UN BIEN PRECIADO EN LA MEDINA SIDONIA DEL PASADO: LAS VENTANAS Y BALCONES DE LA PLAZA DE LA MUELA

 


Hoy en día nos parece disparate que una ventana o un balcón puedan segregarse de la casa en que se encuentran, pero no siempre fue así. Los documentos de los siglos XVI a XVIII ofrecen datos curiosísimos sobre la compraventa de ventanas y balcones en las plazas mayores de pueblos y ciudades, sobre la regulación por parte de los ayuntamientos de los precios de alquiler de los mismos, pleitos y multas, etc. Y es que dichas plazas se habían convertido en un teatro al aire libre al que convenía asomarse para interesarse por el espectáculo que se celebraba en ellas o simplemente para dejarse ver y dejar claro el estatus personal ante los vecinos.

No fue ajena a la costumbre la Plaza de la Muela (hoy Plaza de España) de Medina Sidonia, recinto cerrado a manera de anfiteatro una vez que se terminó la edificación de la primera planta del ayuntamiento en 1677 en su lado sur y el pósito del trigo (hoy desaparecido) ocupó el lado norte. Juegos de cañas y de alcancías divertían sobre todo a la nobleza, pero, si había una fiesta popular, eran las corridas de toros, que se reviven incluso en la nomenclatura de las vías circundantes: calle del Ganado, calle de las Triperías al otro lado de las carnicerías que daban a la plaza, callejón del Escribano.

Nos detenemos hoy en dos escrituras notariales: una firmada el uno de mayo de 1765 por la que una asidonense vendía una ventana que daba a dicha plaza y que había recibido en herencia, y otra testamentaria, de siete de enero de 1772, en la que se deja en herencia un cierro. Dice el texto de la primera (modernizamos la grafía y seleccionamos los pasajes más importantes):

Sea notorio como yo doña Salvadora Gutiérrez Blanco, vecina de esta ciudad y de estado honesto, hija de Mateo Gutiérrez de la Torre y de doña Magdalena Blanco, como heredera universal abintestato de don Juan Blanco de Aguilera, presbítero, mi tío, que previno el señor vicario de las iglesias de ella y en que se ha dado providencia para el uso y posesión de sus bienes correspondientes y en que se incluyen los que aquí se contendrán, en cuya aceptación y por mí y en nombre de mis herederos y sucesores presentes y futuros, vendo desde hoy para siempre a favor de Juan Suárez Romero, del mismo vecindario, y para sí y quien le sucediere en cualquier forma, es a saber, una ventana, su luz, asiento y vista en la Plaza de la Muela, para todas funciones de fiestas y regocijos de toros y otras que en ella se hacen, situada en casa de la capellanía que fundó don Antonio Delgado Aragón (…) que es la segunda a la calle de los Varos, linde de la primera, que también ha comprado de Francisco de Torres y su mujer por escritura ante el presente escribano (…), en precio de ciento veinte reales de vellón que recibo ahora por ante el infrascripto y de que le pido dé fe (…) Y me obligo al saneamiento, de suerte que contra la dicha ventana, su propiedad, uso y goce no se le pondrá pleito ni embarazo, y, si lo fuere, saldré a la voz y defensa, y lo seguiré a mi costa en todas las instancias…

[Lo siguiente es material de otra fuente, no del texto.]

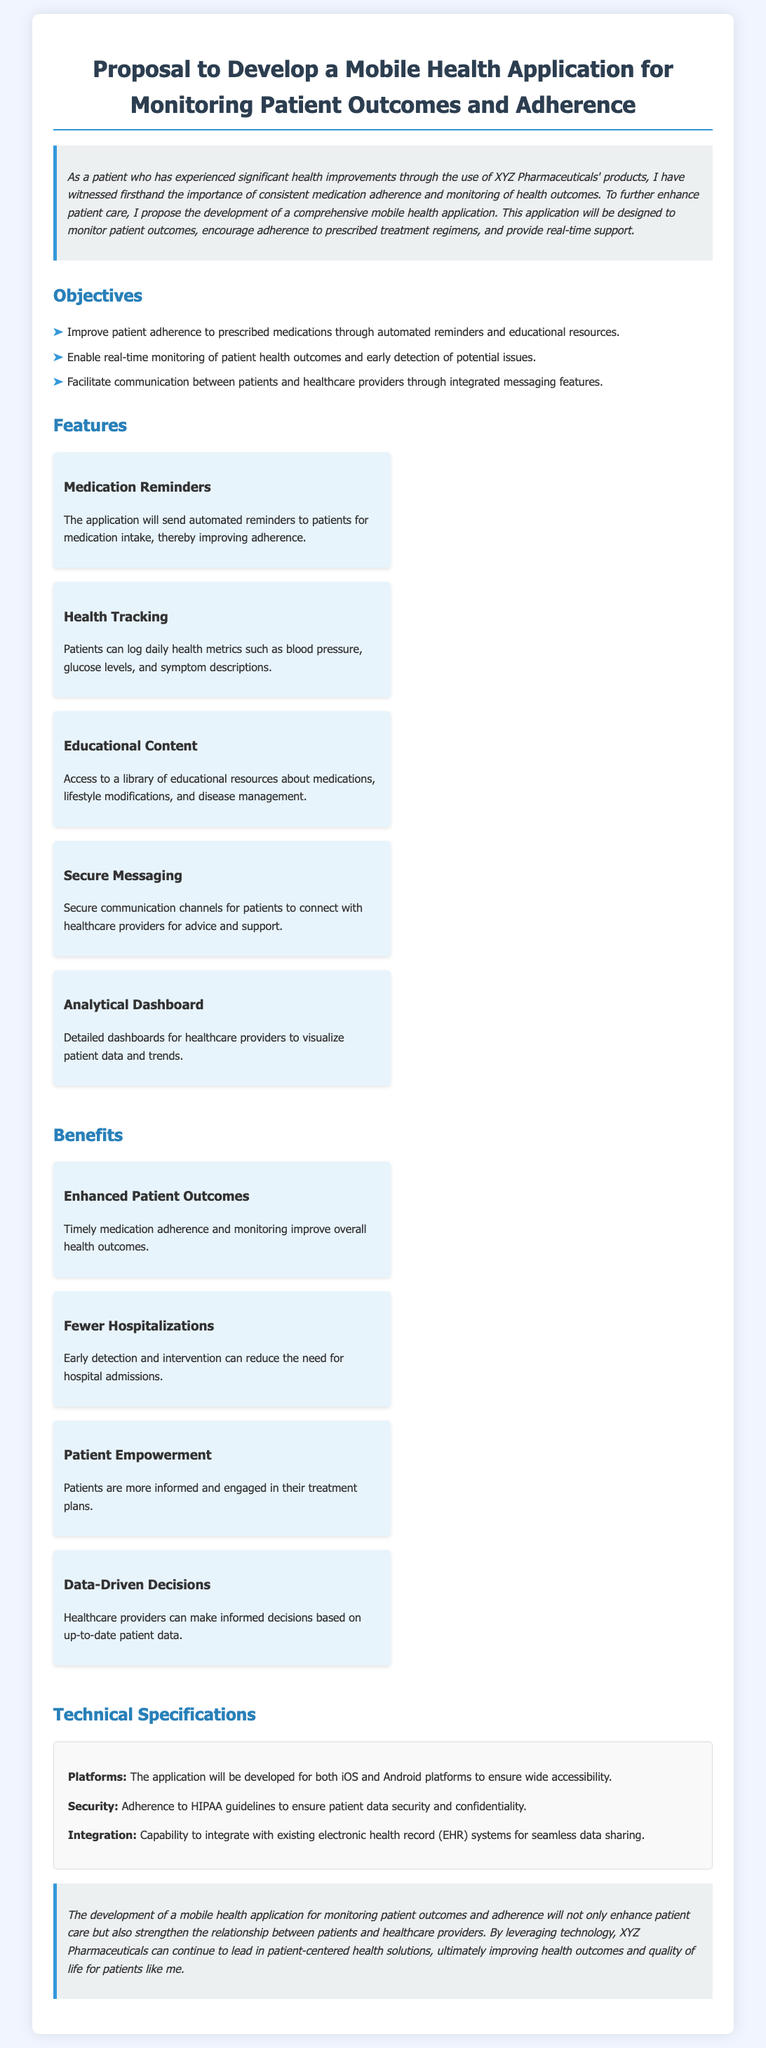What is the main purpose of the proposed application? The main purpose is to monitor patient outcomes and encourage adherence to prescribed treatment regimens.
Answer: Monitor patient outcomes and encourage adherence How many objectives are listed in the proposal? The proposal lists three specific objectives aimed at enhancing patient care and medication adherence.
Answer: Three What feature will improve medication adherence? The application will send automated reminders to patients regarding medication intake.
Answer: Medication Reminders What type of content will the app provide for education? The application will provide access to a library of educational resources about medications and lifestyle modifications.
Answer: Educational resources What benefit is associated with early detection of issues? Early detection and intervention can reduce the need for hospital admissions.
Answer: Fewer Hospitalizations Which platforms will the application be developed for? The application will be developed for both iOS and Android platforms.
Answer: iOS and Android What is a key requirement for patient data security mentioned in the proposal? Adherence to HIPAA guidelines is essential to ensure patient data security.
Answer: HIPAA guidelines What type of messaging feature will the application include? The application will include secure messaging channels for patients to connect with healthcare providers.
Answer: Secure Messaging What is the intended impact of the mobile health application on patient care? The application aims to enhance patient care and strengthen the relationship between patients and healthcare providers.
Answer: Enhance patient care 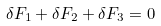Convert formula to latex. <formula><loc_0><loc_0><loc_500><loc_500>\delta F _ { 1 } + \delta F _ { 2 } + \delta F _ { 3 } = 0</formula> 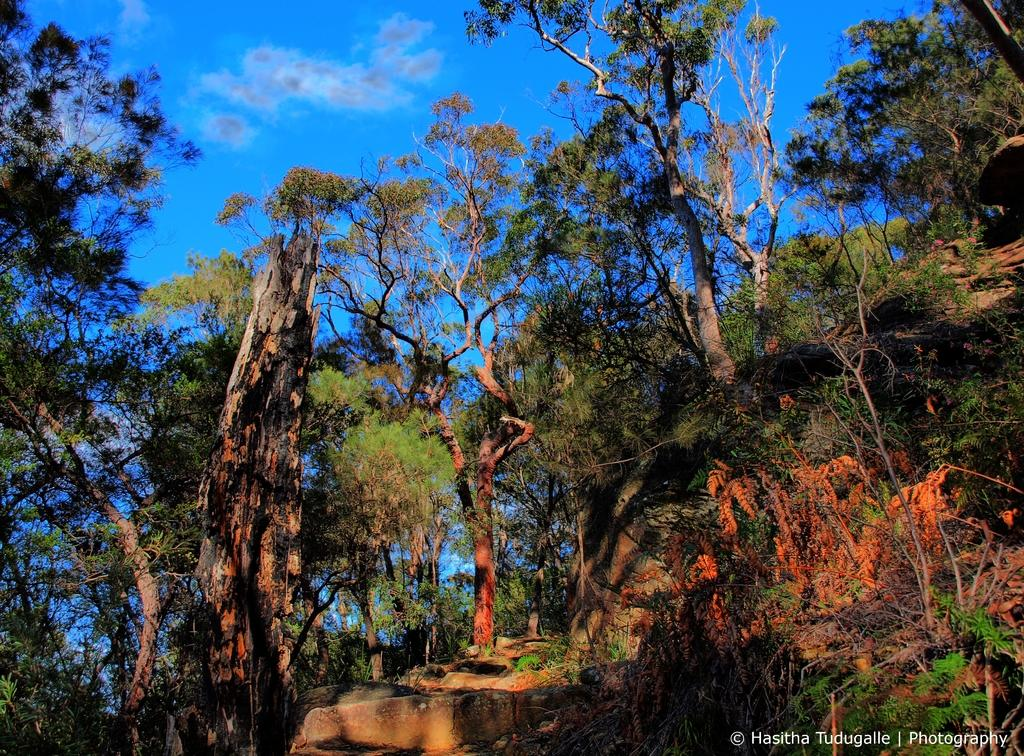What type of natural elements can be seen in the image? There are trees and rocks in the image. Can you describe the text or image in the right bottom corner of the image? Unfortunately, the specific content of the text or image in the right bottom corner cannot be determined from the provided facts. How many different types of natural elements are present in the image? There are two different types of natural elements present in the image: trees and rocks. What type of boat is sailing peacefully in the image? There is no boat present in the image; it only features trees and rocks. What message of peace can be found in the image? There is no message of peace or any text or image related to peace in the image. 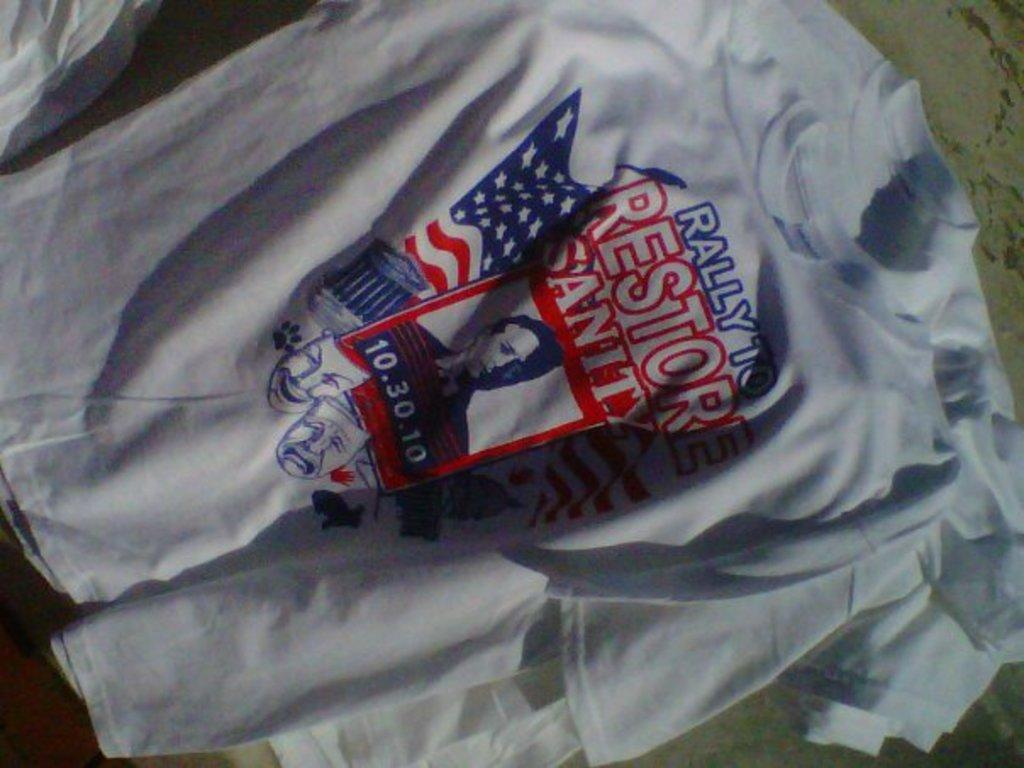What type of clothing is featured in the image? There are white t-shirts in the image. What is written on the t-shirts? There is writing on the t-shirts. What scientific property can be observed in the image? There is no scientific property mentioned or observable in the image, as it only features white t-shirts with writing on them. 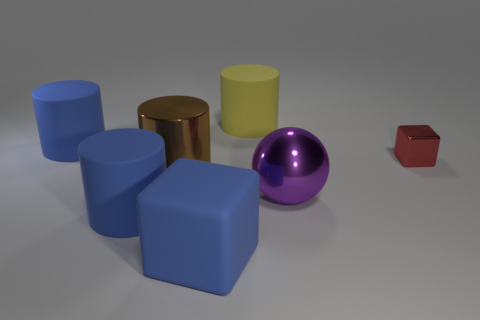Is the color of the large block the same as the matte cylinder in front of the small red shiny thing?
Keep it short and to the point. Yes. There is another object that is the same shape as the tiny thing; what size is it?
Ensure brevity in your answer.  Large. Do the large metal thing that is to the left of the big rubber block and the yellow object have the same shape?
Make the answer very short. Yes. There is a large rubber cylinder that is in front of the tiny metal object; what color is it?
Your response must be concise. Blue. How many other objects are the same size as the brown thing?
Your answer should be very brief. 5. Is there any other thing that has the same shape as the large yellow object?
Offer a terse response. Yes. Are there the same number of big blue things right of the large purple object and rubber things?
Provide a short and direct response. No. How many big objects have the same material as the big block?
Provide a short and direct response. 3. What color is the large ball that is made of the same material as the big brown cylinder?
Ensure brevity in your answer.  Purple. Is the yellow matte object the same shape as the big brown shiny object?
Your answer should be compact. Yes. 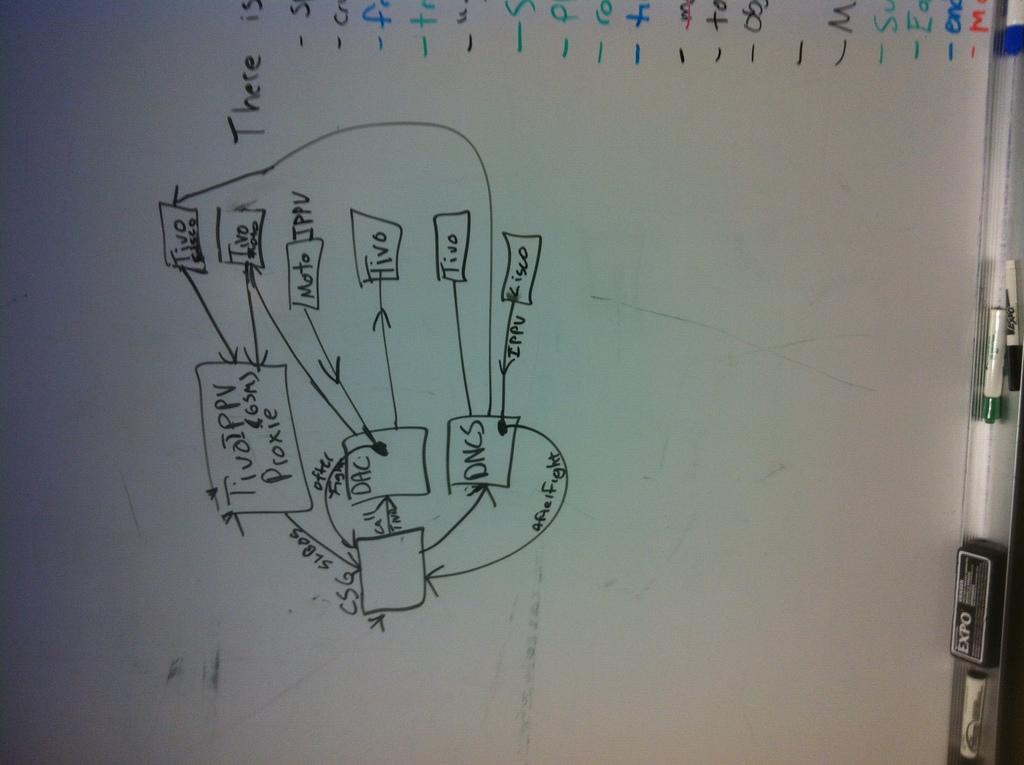What word is to the right of the line?
Keep it short and to the point. There. 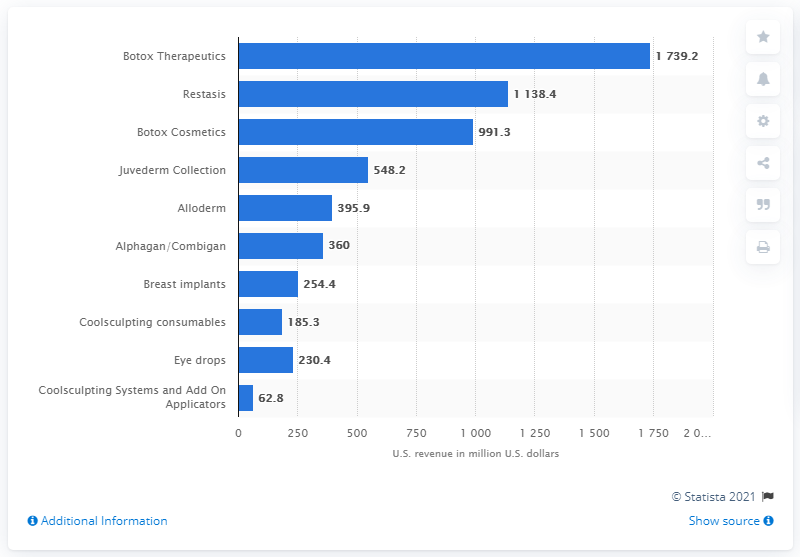List a handful of essential elements in this visual. In 2019, Botox Therapeutics was the top specialty product. 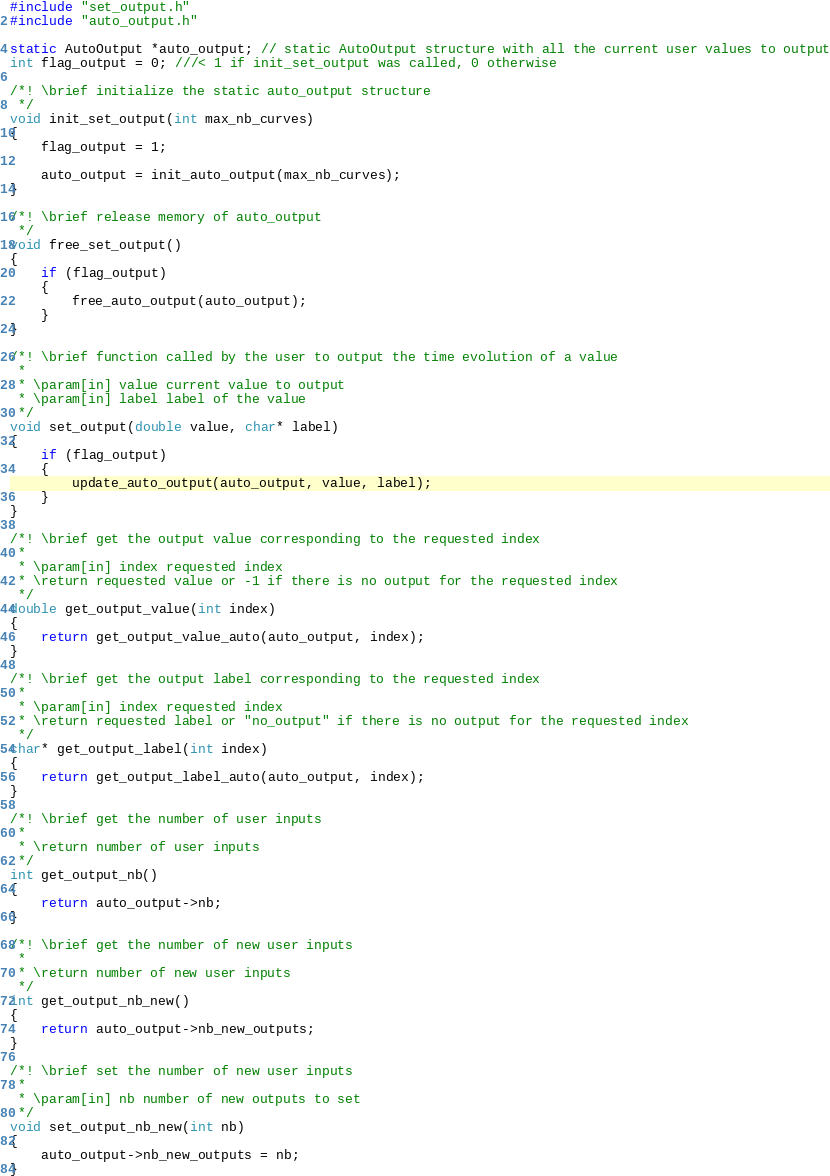<code> <loc_0><loc_0><loc_500><loc_500><_C_>
#include "set_output.h"
#include "auto_output.h"

static AutoOutput *auto_output; // static AutoOutput structure with all the current user values to output
int flag_output = 0; ///< 1 if init_set_output was called, 0 otherwise

/*! \brief initialize the static auto_output structure
 */
void init_set_output(int max_nb_curves)
{
    flag_output = 1;

    auto_output = init_auto_output(max_nb_curves);
}

/*! \brief release memory of auto_output
 */
void free_set_output()
{
    if (flag_output)
    {
        free_auto_output(auto_output);
    }
}

/*! \brief function called by the user to output the time evolution of a value
 * 
 * \param[in] value current value to output
 * \param[in] label label of the value
 */
void set_output(double value, char* label)
{
    if (flag_output)
    {
        update_auto_output(auto_output, value, label);
    }
}

/*! \brief get the output value corresponding to the requested index
 * 
 * \param[in] index requested index
 * \return requested value or -1 if there is no output for the requested index
 */
double get_output_value(int index)
{
    return get_output_value_auto(auto_output, index);
}

/*! \brief get the output label corresponding to the requested index
 * 
 * \param[in] index requested index
 * \return requested label or "no_output" if there is no output for the requested index
 */
char* get_output_label(int index)
{
    return get_output_label_auto(auto_output, index);
}

/*! \brief get the number of user inputs
 * 
 * \return number of user inputs
 */
int get_output_nb()
{
    return auto_output->nb;
}

/*! \brief get the number of new user inputs
 * 
 * \return number of new user inputs
 */
int get_output_nb_new()
{
    return auto_output->nb_new_outputs;
}

/*! \brief set the number of new user inputs
 * 
 * \param[in] nb number of new outputs to set
 */
void set_output_nb_new(int nb)
{
    auto_output->nb_new_outputs = nb;
}
</code> 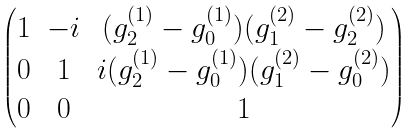Convert formula to latex. <formula><loc_0><loc_0><loc_500><loc_500>\begin{pmatrix} 1 & - i & ( g _ { 2 } ^ { ( 1 ) } - g _ { 0 } ^ { ( 1 ) } ) ( g _ { 1 } ^ { ( 2 ) } - g _ { 2 } ^ { ( 2 ) } ) \\ 0 & 1 & i ( g _ { 2 } ^ { ( 1 ) } - g _ { 0 } ^ { ( 1 ) } ) ( g _ { 1 } ^ { ( 2 ) } - g _ { 0 } ^ { ( 2 ) } ) \\ 0 & 0 & 1 \end{pmatrix}</formula> 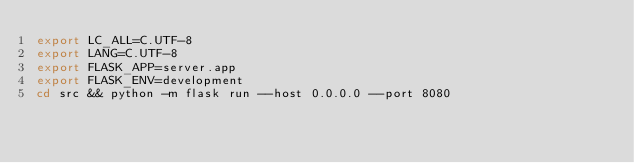<code> <loc_0><loc_0><loc_500><loc_500><_Bash_>export LC_ALL=C.UTF-8
export LANG=C.UTF-8
export FLASK_APP=server.app
export FLASK_ENV=development
cd src && python -m flask run --host 0.0.0.0 --port 8080</code> 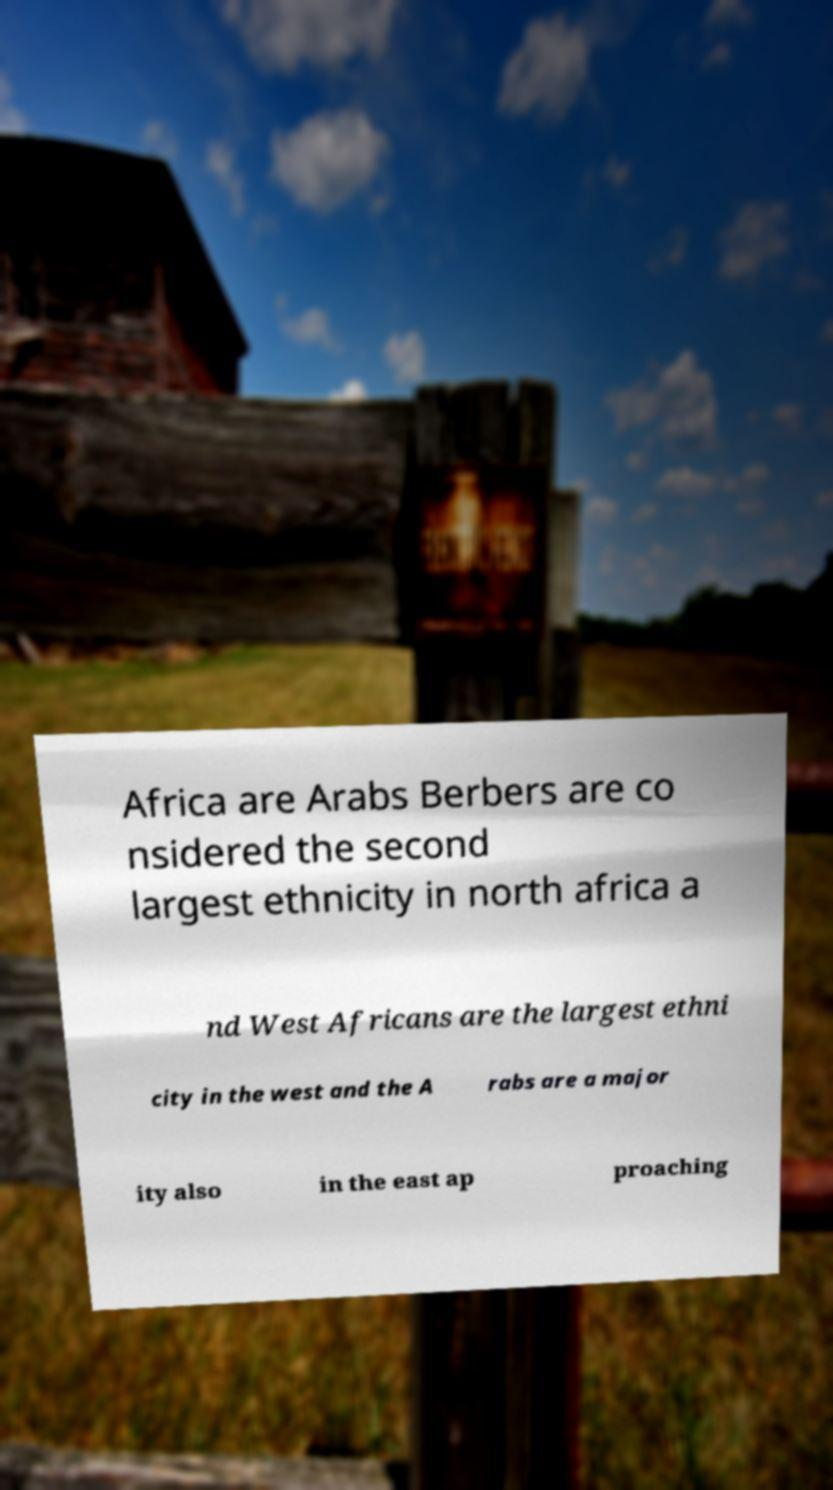What messages or text are displayed in this image? I need them in a readable, typed format. Africa are Arabs Berbers are co nsidered the second largest ethnicity in north africa a nd West Africans are the largest ethni city in the west and the A rabs are a major ity also in the east ap proaching

Pues eso, que vendía la ventana y además se comprometía a su mantenimiento.

En la segunda escritura doña Catalina Delgado Mendoza, igualmente de estado honesto pero ya septenaria, declara entre los bienes que dejará en herencia:

Lo primero, una ventana con balcón de hierro en la plaza pública de esta ciudad, casas de don Lorenzo Benítez, presbítero, contiguas a la carnicería y matadero, que linda por un lado con balcón de los herederos de don Pedro Parra y por el otro con balcón de los herederos de don Alonso de Cueto, presbítero, que hube y compré de don Gonzalo Delgado y Mendoza, mi hermano, de que tengo papel entre los míos.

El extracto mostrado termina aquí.